§ **WORK INSTRUCTIONS**: Retype the listing below exactly, pictures removed.

§ **PROVIDED ENTRIES**:
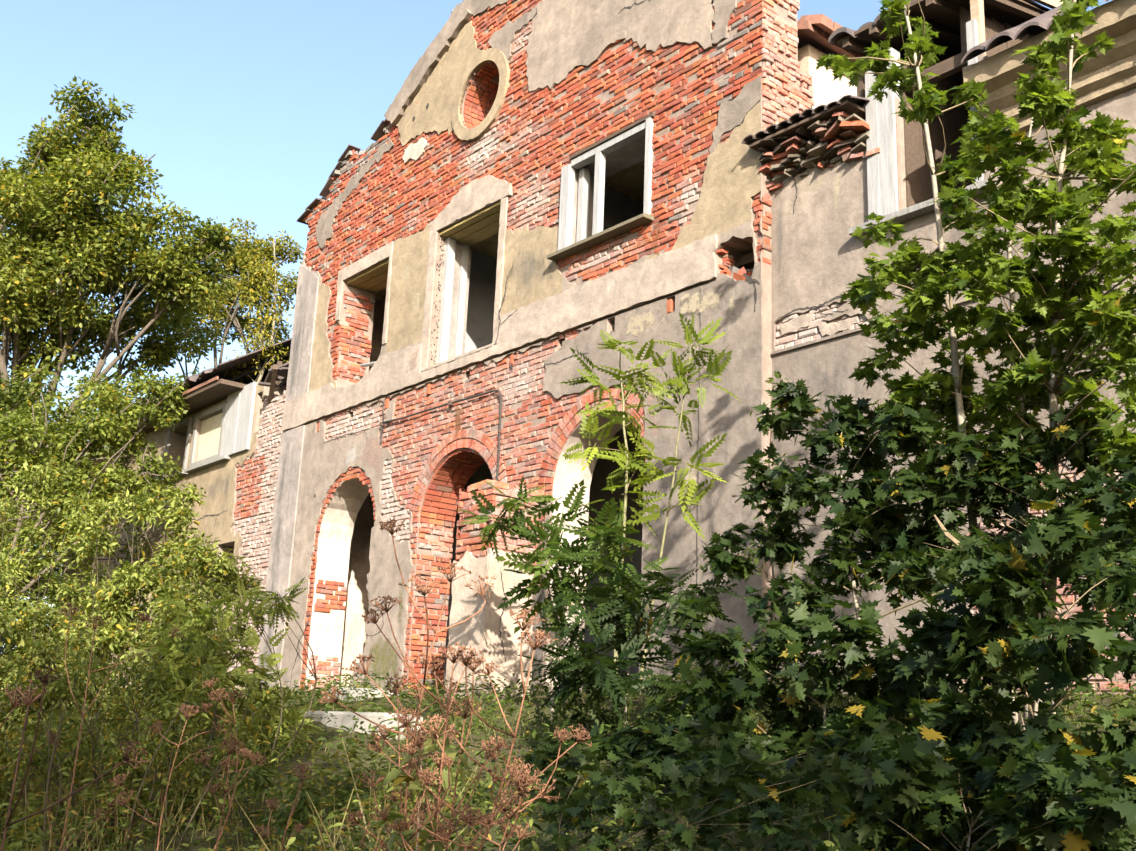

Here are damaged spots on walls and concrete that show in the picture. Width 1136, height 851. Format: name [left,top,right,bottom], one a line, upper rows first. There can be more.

flaking render [299,0,814,692]
flaking render [774,302,870,351]
flaking render [229,391,286,690]
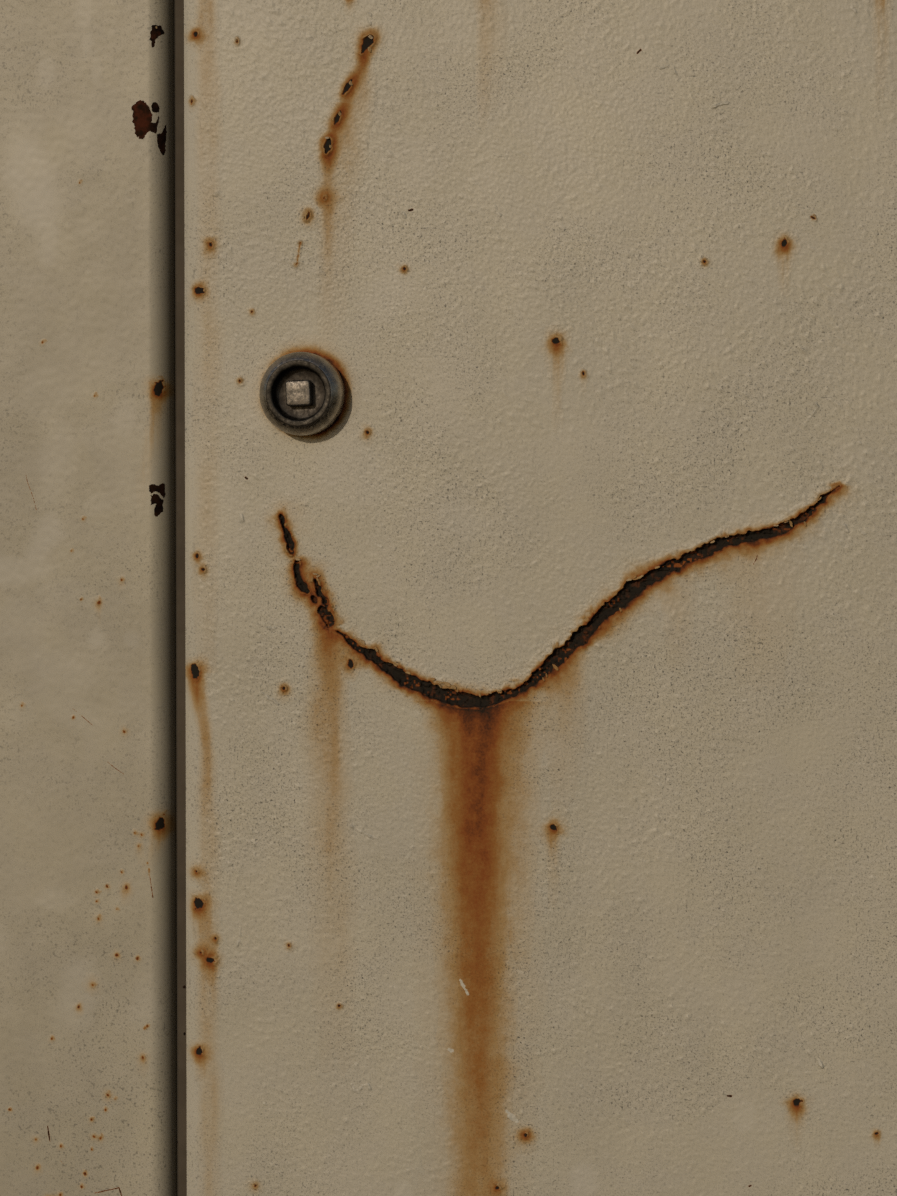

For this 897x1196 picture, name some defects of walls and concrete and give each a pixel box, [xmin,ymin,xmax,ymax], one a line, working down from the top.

peeling [149,25,164,47]
peeling [131,100,167,155]
corrosion [233,334,379,447]
corrosion [536,322,592,433]
peeling [149,483,166,517]
crack [260,463,866,713]
corrosion [185,654,214,724]
corrosion [91,803,177,907]
corrosion [272,619,362,1076]
corrosion [186,856,227,988]
corrosion [403,649,591,1196]
corrosion [777,1088,817,1155]

§ **SOLUTION**:
Here are damaged spots on walls and concrete that show in the picture. Width 1136, height 851. Format: name [left,top,right,bottom], one a line, upper rows first. There can be more.

flaking render [299,0,814,692]
flaking render [774,302,870,351]
flaking render [229,391,286,690]

For this 897x1196 picture, name some defects of walls and concrete and give each a pixel box, [xmin,ymin,xmax,ymax], one a line, working down from the top.

peeling [149,25,164,47]
peeling [131,100,167,155]
corrosion [233,334,379,447]
corrosion [536,322,592,433]
peeling [149,483,166,517]
crack [260,463,866,713]
corrosion [185,654,214,724]
corrosion [91,803,177,907]
corrosion [272,619,362,1076]
corrosion [186,856,227,988]
corrosion [403,649,591,1196]
corrosion [777,1088,817,1155]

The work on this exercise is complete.